[TASK PROMPT]: Output every record exactly, apart from its images.
*** Opening RECORDED DATA ***
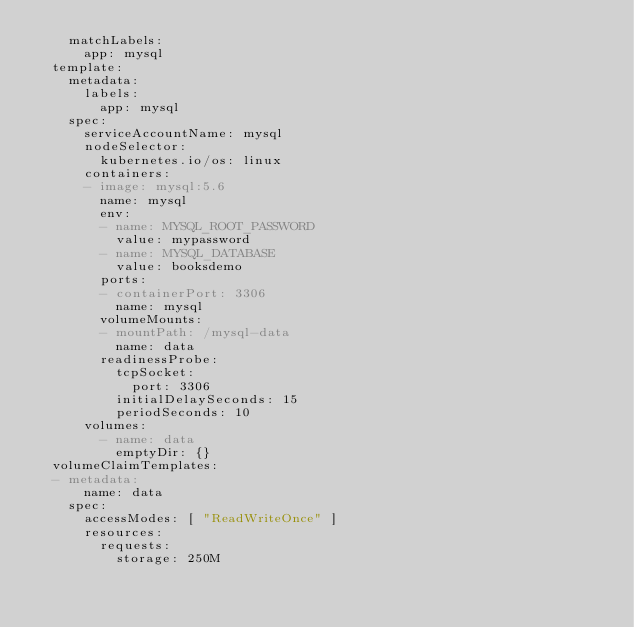Convert code to text. <code><loc_0><loc_0><loc_500><loc_500><_YAML_>    matchLabels:
      app: mysql
  template:
    metadata:
      labels:
        app: mysql
    spec:
      serviceAccountName: mysql
      nodeSelector:
        kubernetes.io/os: linux
      containers:
      - image: mysql:5.6
        name: mysql
        env:
        - name: MYSQL_ROOT_PASSWORD
          value: mypassword
        - name: MYSQL_DATABASE
          value: booksdemo
        ports:
        - containerPort: 3306
          name: mysql
        volumeMounts:
        - mountPath: /mysql-data
          name: data
        readinessProbe:
          tcpSocket:
            port: 3306
          initialDelaySeconds: 15
          periodSeconds: 10
      volumes:
        - name: data
          emptyDir: {}
  volumeClaimTemplates:
  - metadata:
      name: data
    spec:
      accessModes: [ "ReadWriteOnce" ]
      resources:
        requests:
          storage: 250M
</code> 
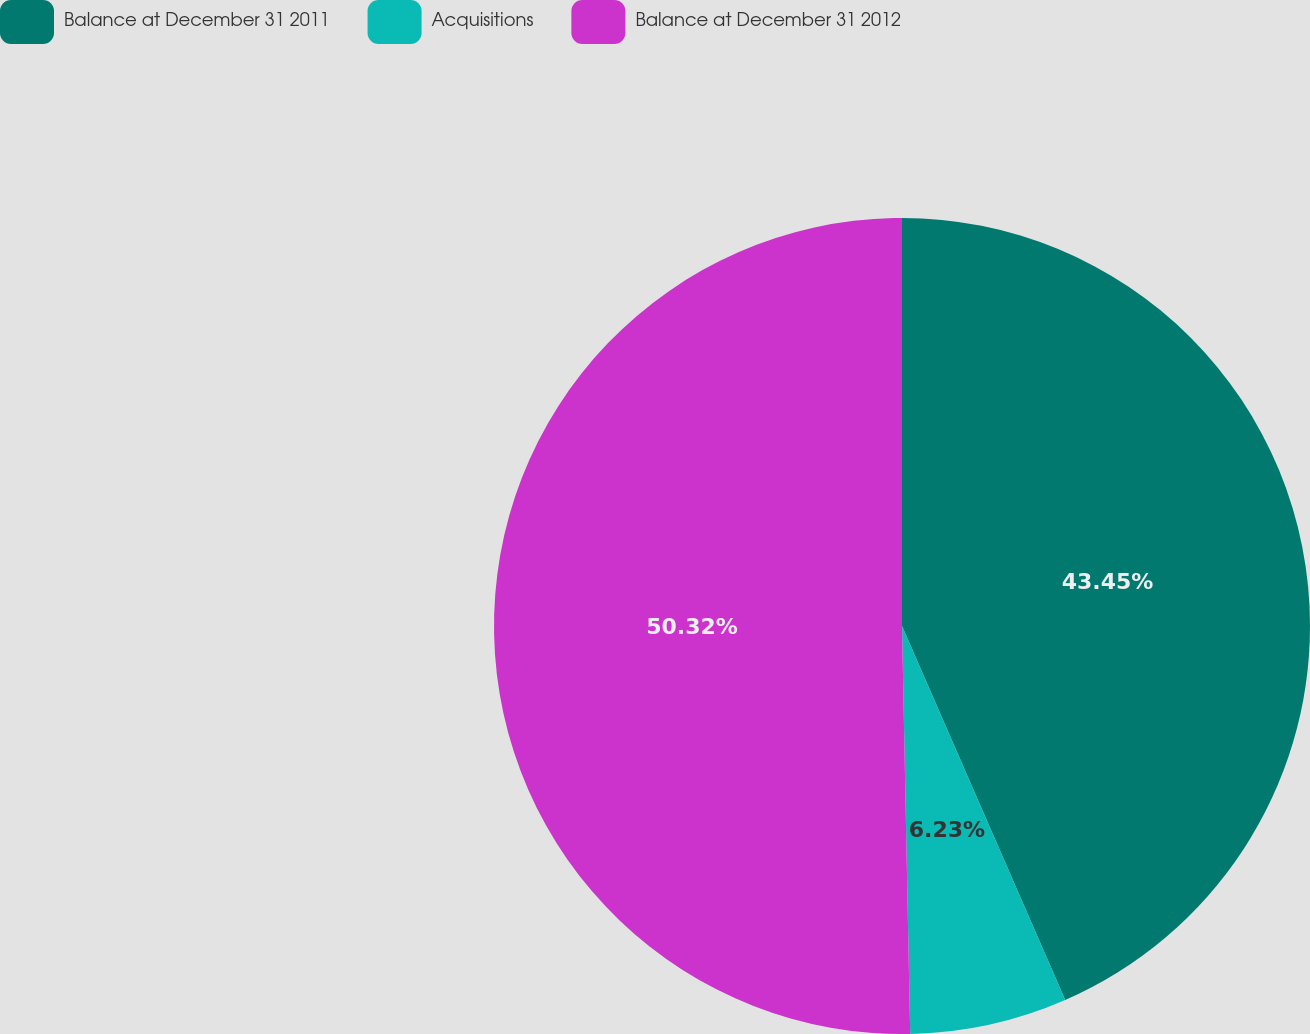Convert chart. <chart><loc_0><loc_0><loc_500><loc_500><pie_chart><fcel>Balance at December 31 2011<fcel>Acquisitions<fcel>Balance at December 31 2012<nl><fcel>43.45%<fcel>6.23%<fcel>50.32%<nl></chart> 
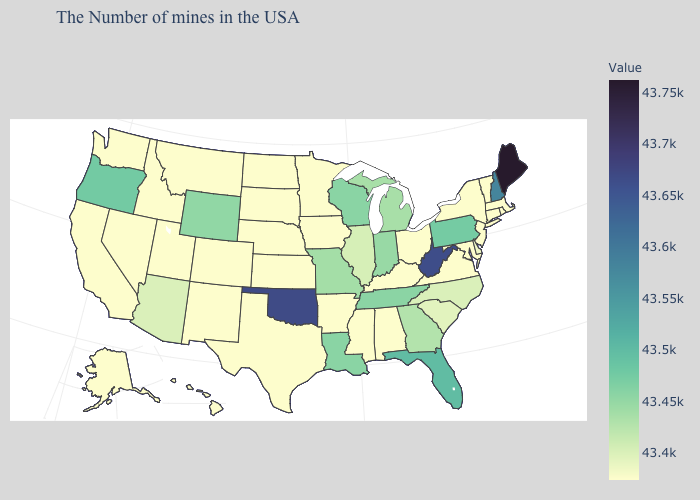Does Kentucky have the lowest value in the South?
Concise answer only. Yes. Among the states that border Illinois , which have the highest value?
Be succinct. Wisconsin. Does Oklahoma have a higher value than Delaware?
Concise answer only. Yes. Does Wisconsin have the lowest value in the USA?
Short answer required. No. Is the legend a continuous bar?
Give a very brief answer. Yes. Which states have the lowest value in the West?
Concise answer only. Colorado, New Mexico, Utah, Montana, Idaho, Nevada, California, Washington, Alaska, Hawaii. Which states hav the highest value in the MidWest?
Write a very short answer. Wisconsin. Among the states that border Virginia , does West Virginia have the highest value?
Short answer required. Yes. Does Montana have a lower value than Florida?
Keep it brief. Yes. 
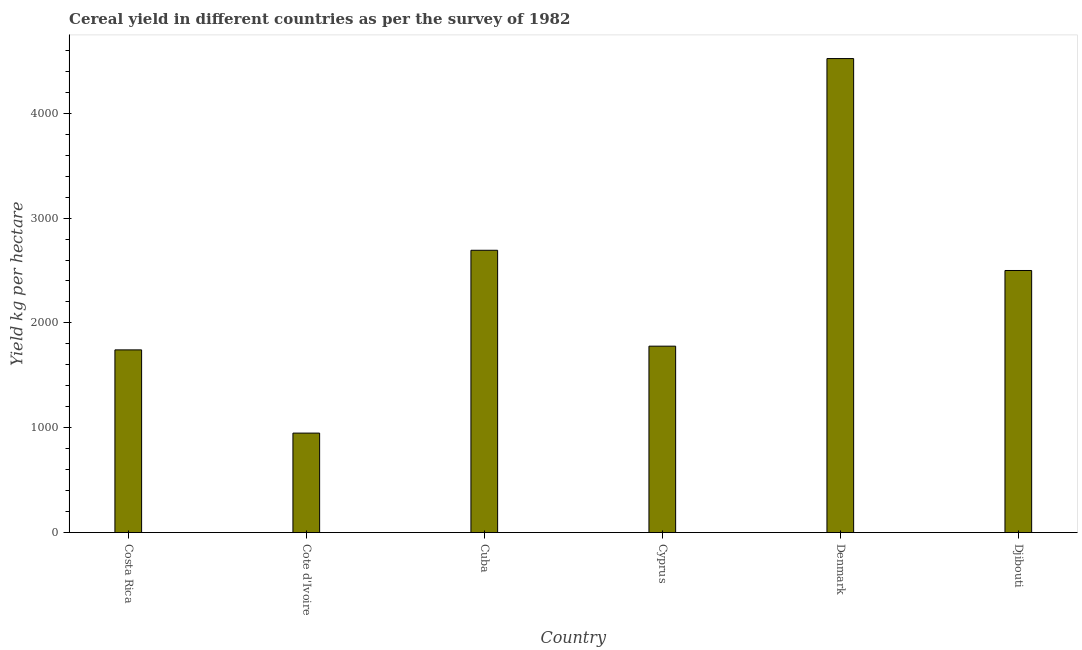Does the graph contain any zero values?
Make the answer very short. No. Does the graph contain grids?
Provide a short and direct response. No. What is the title of the graph?
Make the answer very short. Cereal yield in different countries as per the survey of 1982. What is the label or title of the X-axis?
Your answer should be very brief. Country. What is the label or title of the Y-axis?
Provide a short and direct response. Yield kg per hectare. What is the cereal yield in Denmark?
Your answer should be compact. 4521.33. Across all countries, what is the maximum cereal yield?
Your response must be concise. 4521.33. Across all countries, what is the minimum cereal yield?
Your response must be concise. 949. In which country was the cereal yield maximum?
Offer a terse response. Denmark. In which country was the cereal yield minimum?
Provide a short and direct response. Cote d'Ivoire. What is the sum of the cereal yield?
Make the answer very short. 1.42e+04. What is the difference between the cereal yield in Cote d'Ivoire and Djibouti?
Your answer should be very brief. -1551.01. What is the average cereal yield per country?
Your answer should be compact. 2364.01. What is the median cereal yield?
Offer a terse response. 2139.1. What is the ratio of the cereal yield in Cote d'Ivoire to that in Denmark?
Your response must be concise. 0.21. What is the difference between the highest and the second highest cereal yield?
Offer a very short reply. 1828.49. What is the difference between the highest and the lowest cereal yield?
Your response must be concise. 3572.33. How many bars are there?
Keep it short and to the point. 6. Are the values on the major ticks of Y-axis written in scientific E-notation?
Provide a short and direct response. No. What is the Yield kg per hectare in Costa Rica?
Offer a terse response. 1742.71. What is the Yield kg per hectare in Cote d'Ivoire?
Your answer should be compact. 949. What is the Yield kg per hectare in Cuba?
Keep it short and to the point. 2692.84. What is the Yield kg per hectare in Cyprus?
Keep it short and to the point. 1778.2. What is the Yield kg per hectare of Denmark?
Provide a succinct answer. 4521.33. What is the Yield kg per hectare in Djibouti?
Your response must be concise. 2500. What is the difference between the Yield kg per hectare in Costa Rica and Cote d'Ivoire?
Provide a short and direct response. 793.72. What is the difference between the Yield kg per hectare in Costa Rica and Cuba?
Provide a short and direct response. -950.13. What is the difference between the Yield kg per hectare in Costa Rica and Cyprus?
Provide a succinct answer. -35.49. What is the difference between the Yield kg per hectare in Costa Rica and Denmark?
Your answer should be compact. -2778.62. What is the difference between the Yield kg per hectare in Costa Rica and Djibouti?
Your answer should be very brief. -757.29. What is the difference between the Yield kg per hectare in Cote d'Ivoire and Cuba?
Provide a short and direct response. -1743.84. What is the difference between the Yield kg per hectare in Cote d'Ivoire and Cyprus?
Your answer should be very brief. -829.21. What is the difference between the Yield kg per hectare in Cote d'Ivoire and Denmark?
Keep it short and to the point. -3572.33. What is the difference between the Yield kg per hectare in Cote d'Ivoire and Djibouti?
Provide a short and direct response. -1551.01. What is the difference between the Yield kg per hectare in Cuba and Cyprus?
Provide a succinct answer. 914.64. What is the difference between the Yield kg per hectare in Cuba and Denmark?
Ensure brevity in your answer.  -1828.49. What is the difference between the Yield kg per hectare in Cuba and Djibouti?
Ensure brevity in your answer.  192.84. What is the difference between the Yield kg per hectare in Cyprus and Denmark?
Your response must be concise. -2743.13. What is the difference between the Yield kg per hectare in Cyprus and Djibouti?
Your response must be concise. -721.8. What is the difference between the Yield kg per hectare in Denmark and Djibouti?
Offer a terse response. 2021.33. What is the ratio of the Yield kg per hectare in Costa Rica to that in Cote d'Ivoire?
Give a very brief answer. 1.84. What is the ratio of the Yield kg per hectare in Costa Rica to that in Cuba?
Make the answer very short. 0.65. What is the ratio of the Yield kg per hectare in Costa Rica to that in Denmark?
Offer a terse response. 0.39. What is the ratio of the Yield kg per hectare in Costa Rica to that in Djibouti?
Your answer should be very brief. 0.7. What is the ratio of the Yield kg per hectare in Cote d'Ivoire to that in Cuba?
Give a very brief answer. 0.35. What is the ratio of the Yield kg per hectare in Cote d'Ivoire to that in Cyprus?
Give a very brief answer. 0.53. What is the ratio of the Yield kg per hectare in Cote d'Ivoire to that in Denmark?
Offer a very short reply. 0.21. What is the ratio of the Yield kg per hectare in Cote d'Ivoire to that in Djibouti?
Provide a short and direct response. 0.38. What is the ratio of the Yield kg per hectare in Cuba to that in Cyprus?
Offer a terse response. 1.51. What is the ratio of the Yield kg per hectare in Cuba to that in Denmark?
Provide a short and direct response. 0.6. What is the ratio of the Yield kg per hectare in Cuba to that in Djibouti?
Offer a terse response. 1.08. What is the ratio of the Yield kg per hectare in Cyprus to that in Denmark?
Make the answer very short. 0.39. What is the ratio of the Yield kg per hectare in Cyprus to that in Djibouti?
Give a very brief answer. 0.71. What is the ratio of the Yield kg per hectare in Denmark to that in Djibouti?
Provide a succinct answer. 1.81. 
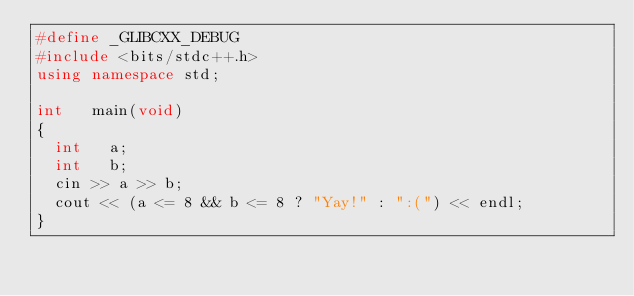<code> <loc_0><loc_0><loc_500><loc_500><_C++_>#define _GLIBCXX_DEBUG
#include <bits/stdc++.h>
using namespace std;

int		main(void)
{
	int		a;
	int		b;
	cin >> a >> b;
	cout << (a <= 8 && b <= 8 ? "Yay!" : ":(") << endl;
}</code>
*** Closing RECORDED DATA ***
[EXPECTED ANSWER]:
Convert code to text. <code><loc_0><loc_0><loc_500><loc_500><_YAML_>    matchLabels:
      app: mysql
  template:
    metadata:
      labels:
        app: mysql
    spec:
      serviceAccountName: mysql
      nodeSelector:
        kubernetes.io/os: linux
      containers:
      - image: mysql:5.6
        name: mysql
        env:
        - name: MYSQL_ROOT_PASSWORD
          value: mypassword
        - name: MYSQL_DATABASE
          value: booksdemo
        ports:
        - containerPort: 3306
          name: mysql
        volumeMounts:
        - mountPath: /mysql-data
          name: data
        readinessProbe:
          tcpSocket:
            port: 3306
          initialDelaySeconds: 15
          periodSeconds: 10
      volumes:
        - name: data
          emptyDir: {}
  volumeClaimTemplates:
  - metadata:
      name: data
    spec:
      accessModes: [ "ReadWriteOnce" ]
      resources:
        requests:
          storage: 250M
</code> 
Convert chart. <chart><loc_0><loc_0><loc_500><loc_500><pie_chart><fcel>Balance at December 31 2011<fcel>Acquisitions<fcel>Balance at December 31 2012<nl><fcel>43.45%<fcel>6.23%<fcel>50.32%<nl></chart> 
Does Kentucky have the lowest value in the South?
Concise answer only. Yes. Among the states that border Illinois , which have the highest value?
Be succinct. Wisconsin. Does Oklahoma have a higher value than Delaware?
Concise answer only. Yes. Does Wisconsin have the lowest value in the USA?
Short answer required. No. Is the legend a continuous bar?
Give a very brief answer. Yes. Which states have the lowest value in the West?
Concise answer only. Colorado, New Mexico, Utah, Montana, Idaho, Nevada, California, Washington, Alaska, Hawaii. Which states hav the highest value in the MidWest?
Write a very short answer. Wisconsin. Among the states that border Virginia , does West Virginia have the highest value?
Short answer required. Yes. Does Montana have a lower value than Florida?
Keep it brief. Yes. 
Does the graph contain any zero values?
Make the answer very short. No. Does the graph contain grids?
Provide a short and direct response. No. What is the title of the graph?
Make the answer very short. Cereal yield in different countries as per the survey of 1982. What is the label or title of the X-axis?
Your answer should be very brief. Country. What is the label or title of the Y-axis?
Provide a short and direct response. Yield kg per hectare. What is the cereal yield in Denmark?
Your answer should be compact. 4521.33. Across all countries, what is the maximum cereal yield?
Your response must be concise. 4521.33. Across all countries, what is the minimum cereal yield?
Your response must be concise. 949. In which country was the cereal yield maximum?
Offer a terse response. Denmark. In which country was the cereal yield minimum?
Provide a short and direct response. Cote d'Ivoire. What is the sum of the cereal yield?
Make the answer very short. 1.42e+04. What is the difference between the cereal yield in Cote d'Ivoire and Djibouti?
Your answer should be very brief. -1551.01. What is the average cereal yield per country?
Your answer should be compact. 2364.01. What is the median cereal yield?
Offer a terse response. 2139.1. What is the ratio of the cereal yield in Cote d'Ivoire to that in Denmark?
Your response must be concise. 0.21. What is the difference between the highest and the second highest cereal yield?
Offer a very short reply. 1828.49. What is the difference between the highest and the lowest cereal yield?
Your response must be concise. 3572.33. How many bars are there?
Keep it short and to the point. 6. Are the values on the major ticks of Y-axis written in scientific E-notation?
Provide a short and direct response. No. What is the Yield kg per hectare in Costa Rica?
Offer a terse response. 1742.71. What is the Yield kg per hectare in Cote d'Ivoire?
Your answer should be compact. 949. What is the Yield kg per hectare in Cuba?
Keep it short and to the point. 2692.84. What is the Yield kg per hectare in Cyprus?
Keep it short and to the point. 1778.2. What is the Yield kg per hectare of Denmark?
Provide a succinct answer. 4521.33. What is the Yield kg per hectare in Djibouti?
Your response must be concise. 2500. What is the difference between the Yield kg per hectare in Costa Rica and Cote d'Ivoire?
Provide a short and direct response. 793.72. What is the difference between the Yield kg per hectare in Costa Rica and Cuba?
Provide a short and direct response. -950.13. What is the difference between the Yield kg per hectare in Costa Rica and Cyprus?
Provide a succinct answer. -35.49. What is the difference between the Yield kg per hectare in Costa Rica and Denmark?
Your answer should be compact. -2778.62. What is the difference between the Yield kg per hectare in Costa Rica and Djibouti?
Your answer should be very brief. -757.29. What is the difference between the Yield kg per hectare in Cote d'Ivoire and Cuba?
Provide a short and direct response. -1743.84. What is the difference between the Yield kg per hectare in Cote d'Ivoire and Cyprus?
Your answer should be very brief. -829.21. What is the difference between the Yield kg per hectare in Cote d'Ivoire and Denmark?
Keep it short and to the point. -3572.33. What is the difference between the Yield kg per hectare in Cote d'Ivoire and Djibouti?
Provide a short and direct response. -1551.01. What is the difference between the Yield kg per hectare in Cuba and Cyprus?
Provide a succinct answer. 914.64. What is the difference between the Yield kg per hectare in Cuba and Denmark?
Ensure brevity in your answer.  -1828.49. What is the difference between the Yield kg per hectare in Cuba and Djibouti?
Ensure brevity in your answer.  192.84. What is the difference between the Yield kg per hectare in Cyprus and Denmark?
Your response must be concise. -2743.13. What is the difference between the Yield kg per hectare in Cyprus and Djibouti?
Your response must be concise. -721.8. What is the difference between the Yield kg per hectare in Denmark and Djibouti?
Offer a terse response. 2021.33. What is the ratio of the Yield kg per hectare in Costa Rica to that in Cote d'Ivoire?
Give a very brief answer. 1.84. What is the ratio of the Yield kg per hectare in Costa Rica to that in Cuba?
Make the answer very short. 0.65. What is the ratio of the Yield kg per hectare in Costa Rica to that in Denmark?
Offer a terse response. 0.39. What is the ratio of the Yield kg per hectare in Costa Rica to that in Djibouti?
Your answer should be very brief. 0.7. What is the ratio of the Yield kg per hectare in Cote d'Ivoire to that in Cuba?
Give a very brief answer. 0.35. What is the ratio of the Yield kg per hectare in Cote d'Ivoire to that in Cyprus?
Give a very brief answer. 0.53. What is the ratio of the Yield kg per hectare in Cote d'Ivoire to that in Denmark?
Offer a very short reply. 0.21. What is the ratio of the Yield kg per hectare in Cote d'Ivoire to that in Djibouti?
Provide a short and direct response. 0.38. What is the ratio of the Yield kg per hectare in Cuba to that in Cyprus?
Offer a terse response. 1.51. What is the ratio of the Yield kg per hectare in Cuba to that in Denmark?
Provide a short and direct response. 0.6. What is the ratio of the Yield kg per hectare in Cuba to that in Djibouti?
Offer a terse response. 1.08. What is the ratio of the Yield kg per hectare in Cyprus to that in Denmark?
Make the answer very short. 0.39. What is the ratio of the Yield kg per hectare in Cyprus to that in Djibouti?
Give a very brief answer. 0.71. What is the ratio of the Yield kg per hectare in Denmark to that in Djibouti?
Provide a succinct answer. 1.81. 
<code> <loc_0><loc_0><loc_500><loc_500><_C++_>#define _GLIBCXX_DEBUG
#include <bits/stdc++.h>
using namespace std;

int		main(void)
{
	int		a;
	int		b;
	cin >> a >> b;
	cout << (a <= 8 && b <= 8 ? "Yay!" : ":(") << endl;
}</code>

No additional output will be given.